Le specie mediterranee documentate quali più sensibili al patogeno sono: Dicentrarchus labrax, Solea solea,
Umbrina cirrosa, Mugil cephalus, Liza aurata, Diplodus puntazzo ed altre, quali Epinephelus marginatus ed
Epinephelus aeneus, di cui sono stati riportati episodi di mortalità in ambienti naturali. La presenza
dell’agente infettivo è stata inoltre identificata in soggetti selvatici, apparentemente asintomatici, appartenenti
a numerose specie tra cui le principali sono: Sparus aurata (Castric et al., 2001), Liza ramada, Mullus
barbatus, Pagellus acarne, Gobius niger e Trisopterus minutus capelanus (Maltese et al., 2005; Ciulli et al.,
2006; Panzarin et al. 2010; Giacopello et al., 2013) e pesci appartenenti alla famiglia dei labridi (Toffan et al.,
2013).
Lo scopo di questo lavoro è di presentare i dati riguardanti i casi di positività per Betanodavirus, in pesci
selvatici e di allevamento, riscontrati in Italia nel quinquennio 2008-2013.
I dati raccolti sono riferiti ai campioni conferiti al laboratorio di referenza WOAH-OIE (Organizzazione
Mondiale per la Salute Animale) per l’encefalopatia e retinopatia virale presso l’Istituto Zooprofilattico
Sperimentale delle Venezie nel periodo considerato, prelevati sia da pesci allevati che da esemplari di
specie selvatiche, campionati per motivi di ricerca o a seguito di episodi di mortalità.
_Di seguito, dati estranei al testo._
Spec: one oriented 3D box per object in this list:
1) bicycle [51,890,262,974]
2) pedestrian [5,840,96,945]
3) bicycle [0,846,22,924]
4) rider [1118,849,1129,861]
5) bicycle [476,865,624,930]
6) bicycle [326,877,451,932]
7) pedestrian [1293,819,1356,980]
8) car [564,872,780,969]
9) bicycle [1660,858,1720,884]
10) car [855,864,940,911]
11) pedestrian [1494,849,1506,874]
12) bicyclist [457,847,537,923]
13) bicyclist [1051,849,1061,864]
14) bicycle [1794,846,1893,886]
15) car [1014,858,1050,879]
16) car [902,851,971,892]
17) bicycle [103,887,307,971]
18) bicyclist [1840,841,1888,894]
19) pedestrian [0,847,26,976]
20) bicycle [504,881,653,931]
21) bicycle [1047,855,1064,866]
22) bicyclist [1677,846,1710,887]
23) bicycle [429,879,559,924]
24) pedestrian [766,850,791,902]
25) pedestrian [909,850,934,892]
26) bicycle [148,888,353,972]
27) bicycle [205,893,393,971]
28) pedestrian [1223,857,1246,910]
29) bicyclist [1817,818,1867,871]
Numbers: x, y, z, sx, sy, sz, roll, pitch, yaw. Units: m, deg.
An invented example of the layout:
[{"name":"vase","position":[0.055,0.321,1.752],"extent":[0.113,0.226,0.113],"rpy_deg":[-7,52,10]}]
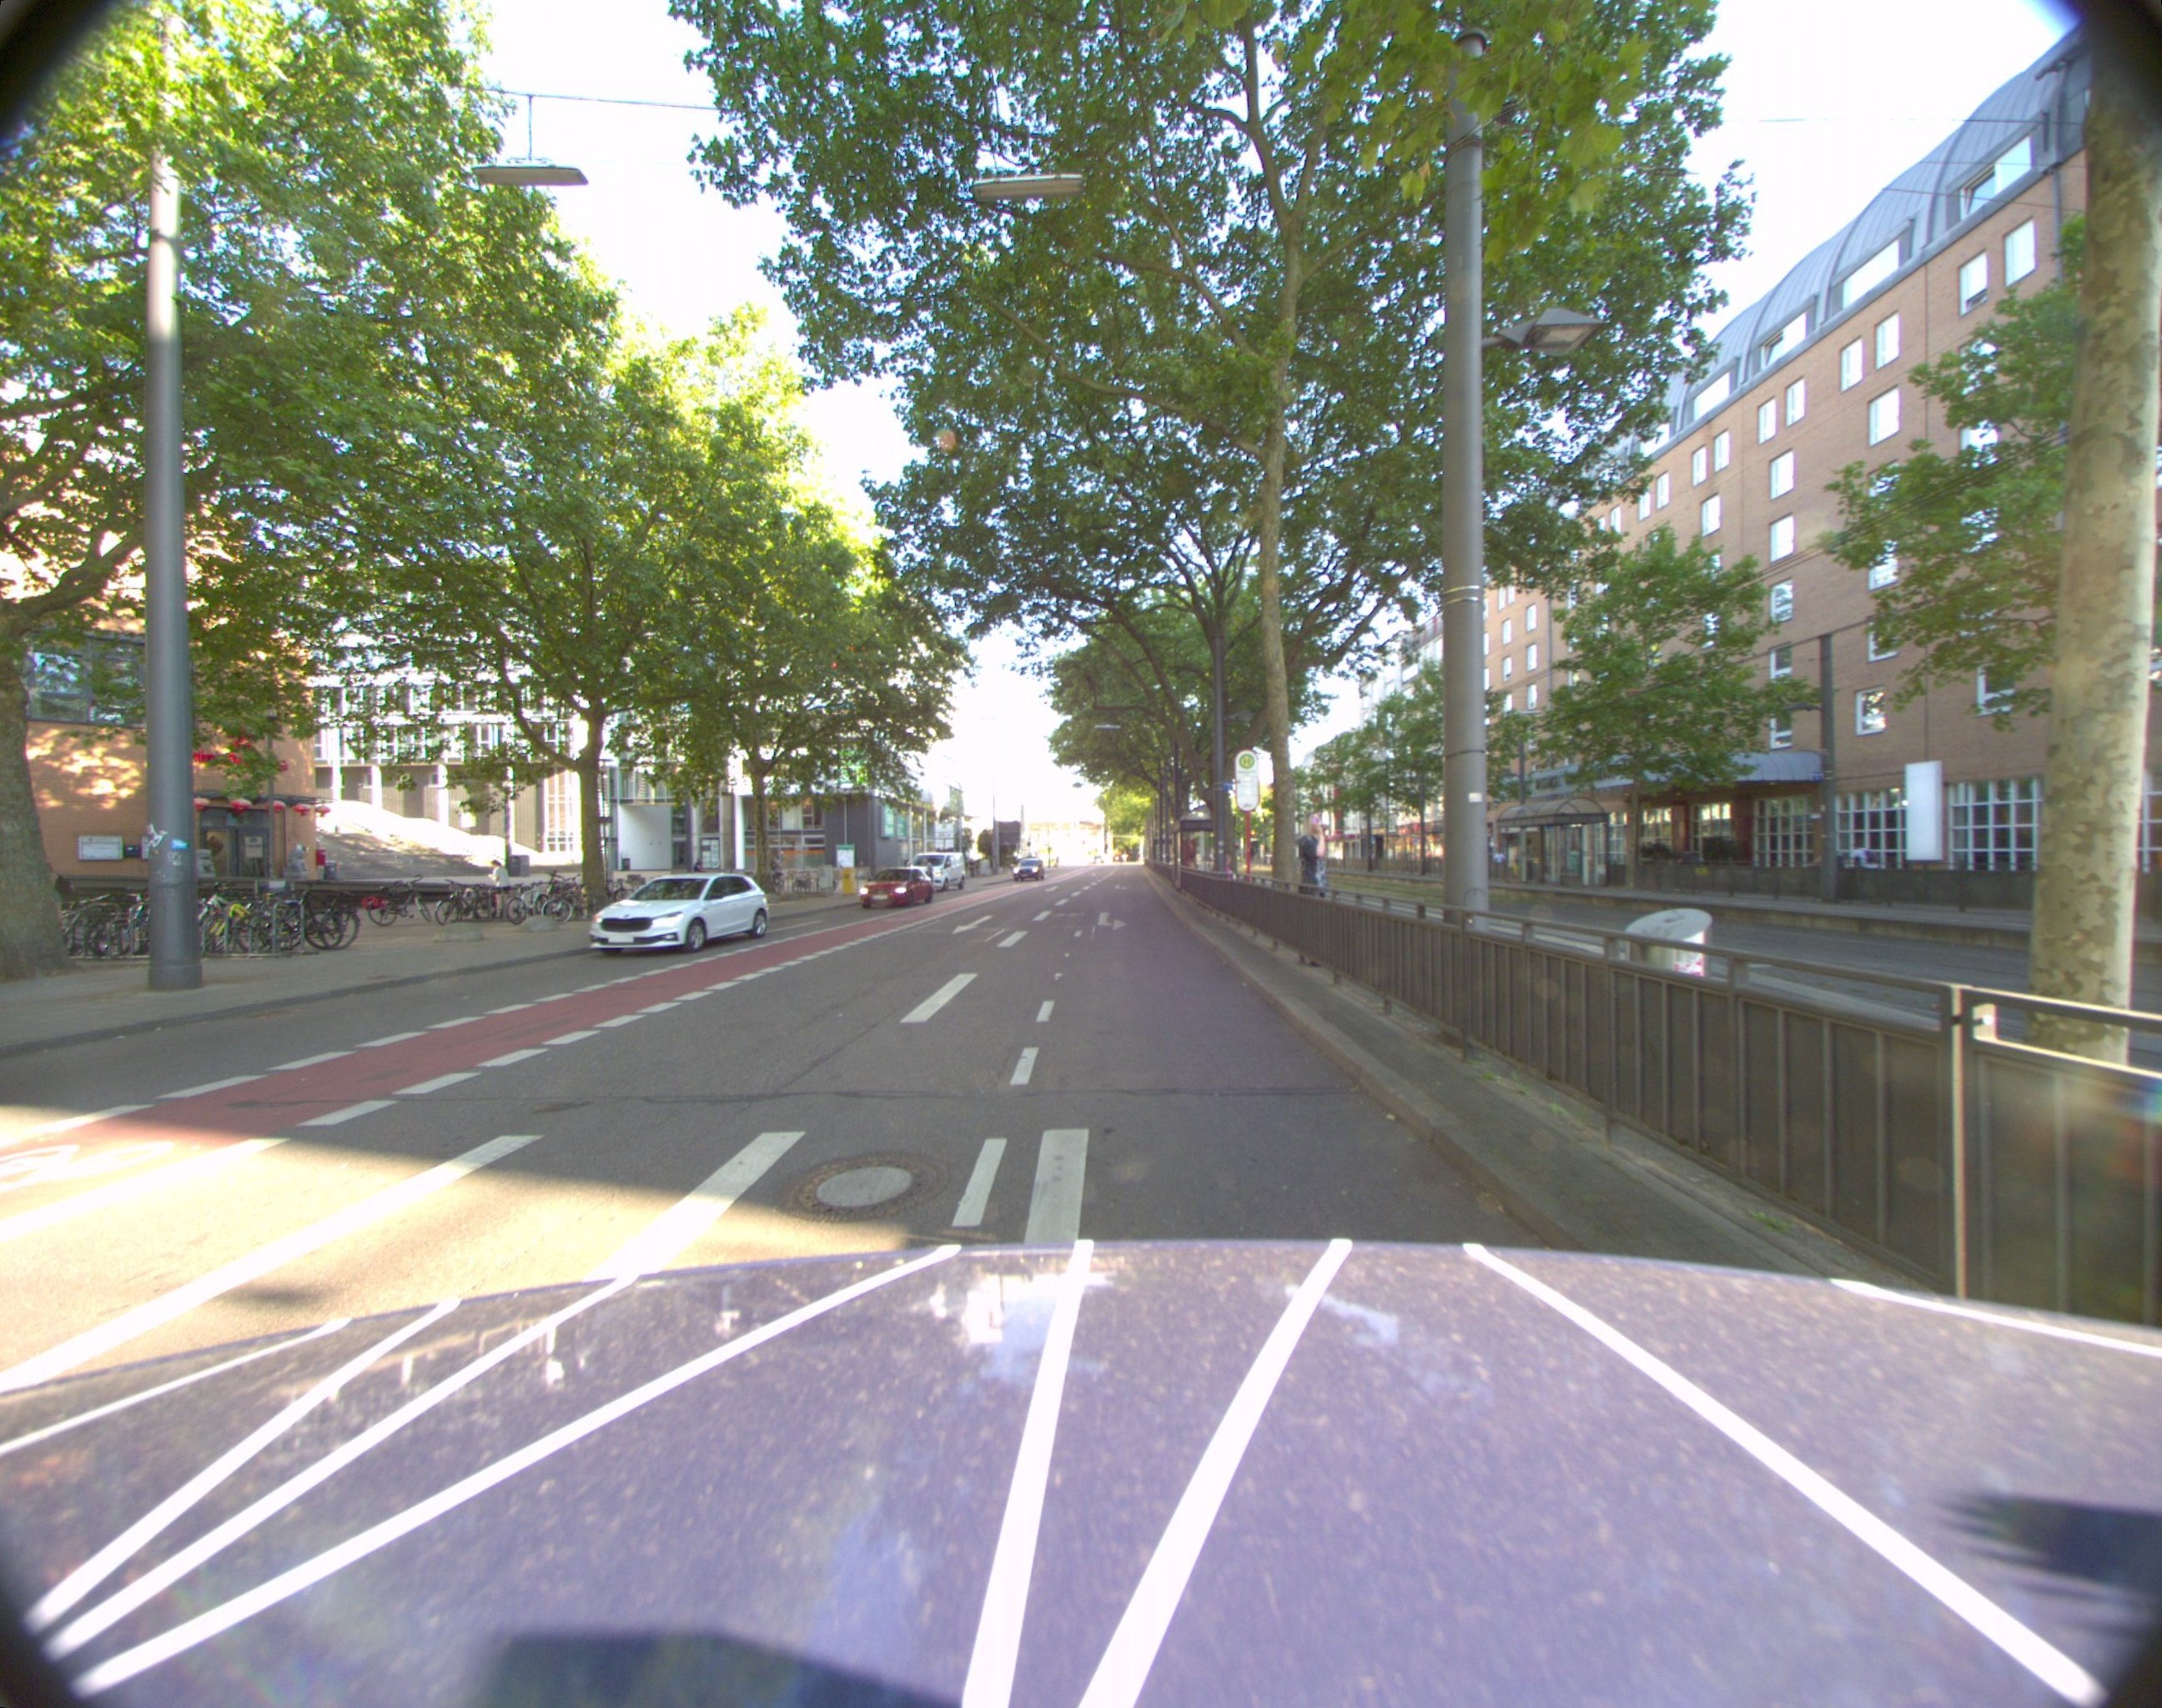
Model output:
[{"name":"bicycle","position":[-15.611,1.269,12.962],"extent":[0.657,1.155,2.293],"rpy_deg":[-2,1,3]},{"name":"pedestrian","position":[-22.503,0.825,16.603],"extent":[0.842,2.220,0.905],"rpy_deg":[-2,1,22]},{"name":"bicycle","position":[-13.444,0.405,7.961],"extent":[0.925,0.943,2.637],"rpy_deg":[-2,1,1]},{"name":"rider","position":[7.127,0.165,127.773],"extent":[1.241,2.002,1.230],"rpy_deg":[-1,1,42]},{"name":"bicycle","position":[-13.998,1.099,20.217],"extent":[0.892,1.476,3.228],"rpy_deg":[-1,1,22]},{"name":"bicycle","position":[-17.846,1.270,19.700],"extent":[0.699,1.193,2.700],"rpy_deg":[-2,1,1]},{"name":"pedestrian","position":[2.850,0.520,8.921],"extent":[0.543,1.823,0.524],"rpy_deg":[-2,1,4]},{"name":"car","position":[-7.819,1.189,15.064],"extent":[1.835,1.481,4.196],"rpy_deg":[-2,0,3]},{"name":"bicycle","position":[23.789,0.651,29.729],"extent":[0.696,0.992,1.900],"rpy_deg":[-1,0,-6]},{"name":"car","position":[-6.640,1.170,27.972],"extent":[1.835,1.481,4.196],"rpy_deg":[-3,0,3]},{"name":"pedestrian","position":[29.551,0.505,53.586],"extent":[0.504,1.725,0.574],"rpy_deg":[-1,1,3]},{"name":"bicyclist","position":[-16.107,0.840,20.981],"extent":[1.296,2.002,1.158],"rpy_deg":[-1,1,17]},{"name":"bicyclist","position":[-3.452,0.297,104.873],"extent":[0.957,2.002,0.940],"rpy_deg":[-1,1,32]},{"name":"bicycle","position":[22.869,0.377,22.841],"extent":[0.687,1.135,2.110],"rpy_deg":[0,-2,-6]},{"name":"car","position":[-3.700,1.083,58.250],"extent":[1.784,1.481,4.198],"rpy_deg":[-3,0,10]},{"name":"car","position":[-7.512,0.863,40.052],"extent":[1.932,1.953,5.920],"rpy_deg":[-2,0,5]},{"name":"bicycle","position":[-14.821,1.223,12.984],"extent":[0.671,1.155,2.305],"rpy_deg":[-2,1,3]},{"name":"bicyclist","position":[23.678,0.403,22.983],"extent":[0.662,1.565,0.758],"rpy_deg":[-1,1,-7]},{"name":"pedestrian","position":[-17.080,0.890,11.449],"extent":[0.934,2.002,1.091],"rpy_deg":[-1,1,-25]},{"name":"bicycle","position":[-13.034,1.314,19.893],"extent":[0.975,1.020,3.208],"rpy_deg":[-2,1,23]},{"name":"bicycle","position":[-3.453,0.847,104.886],"extent":[0.948,1.460,2.711],"rpy_deg":[0,0,34]},{"name":"bicyclist","position":[23.803,0.484,29.528],"extent":[0.662,1.560,0.758],"rpy_deg":[-1,1,-7]},{"name":"bicycle","position":[-16.256,1.292,21.044],"extent":[3.328,1.077,1.150],"rpy_deg":[0,1,18]},{"name":"pedestrian","position":[-16.041,1.153,40.308],"extent":[0.981,2.633,0.900],"rpy_deg":[-3,1,-31]},{"name":"pedestrian","position":[-7.750,0.836,36.922],"extent":[0.815,2.001,0.979],"rpy_deg":[-2,0,10]},{"name":"bicycle","position":[-14.049,1.235,13.001],"extent":[0.751,1.155,2.398],"rpy_deg":[-2,1,2]},{"name":"bicycle","position":[-13.114,1.262,12.886],"extent":[0.682,1.054,2.337],"rpy_deg":[-1,1,2]},{"name":"pedestrian","position":[3.956,0.753,19.569],"extent":[0.542,1.310,0.524],"rpy_deg":[-2,1,12]},{"name":"bicyclist","position":[22.867,-0.267,22.833],"extent":[0.684,1.550,0.758],"rpy_deg":[0,-1,-7]}]

La ricerca del virus è
stata eseguita tramite isolamento virale.
In totale i casi di positività per Betanodavirus sono stati 57, distribuiti nell’area marina di competenza della
Puglia (40%), del Veneto (37%), dell’Emilia Romagna (11%), della Sicilia (7%) e del Friuli Venezia Giulia
(5%). Sul totale dei casi riscontrati in pesci di allevamento (34) il 76% ha coinvolto il branzino (Dicentrarchus
labrax), il 13% l’orata (Sparus aurata) e il restante 11% altre specie come il luccio perca (Sander lucioperca),
il persico trota (Micropterus salmoides), e il persico spigola (Morone saxatilis x Morone chrysops). Tra quelli
riguardanti i pesci selvatici (23) il 35% ha riguardato cernie (Epinephelus spp.), il 27% triglie (Mullus
surmuletus, Mullus barbatus), l’8% ombrine (Umbrina cirrosa) e il restante 31% altre specie tra cui branzino,
orata, barracuda (Sphyraena spp.), suro (Trachurus trachurus), molo (Merlangus merlangus), tordo pavone
(Symphodus tinca) e pesce pettine (Xyrichtyis novacula).
La presenza di sintomatologia e mortalità è stata associata al 56% dei casi riguardanti pesci di allevamento,
prevalentemente branzini. Per quanto riguarda i selvatici non sono disponibili informazioni di tipo
epidemiologico-anamnestico relative all’eventuale sintomatologia/mortalità associate.
Nella maggior parte dei casi il virus è stato rilevato in campioni prelevati nei mesi più caldi, nel periodo
compreso tra luglio e ottobre.
Questo studio preliminare mette in luce l’effettiva presenza di Betanodavirus nei pesci allevati e selvatici dei
mari italiani. Vista l'importanza economico-strategica della produzione italiana di larve ed avannotti di specie
eurialine e l'impatto che possono avere i focolai di ERV sugli stock selvatici, l’applicazione di specifici piani di
monitoraggio sarebbe di particolare interesse per conoscere la reale entità del fenomeno. Inoltre la
strutturazione di una raccolta dati epidemiologico-anamnestico risulterebbe utile per valutare
preliminarmente i possibili fattori in causa correlati alle positività/casi di malattia conclamata ed alle possibili
relazioni fra stato di salute degli animali allevati e selvatici in prossimità degli impianti d’allevamento.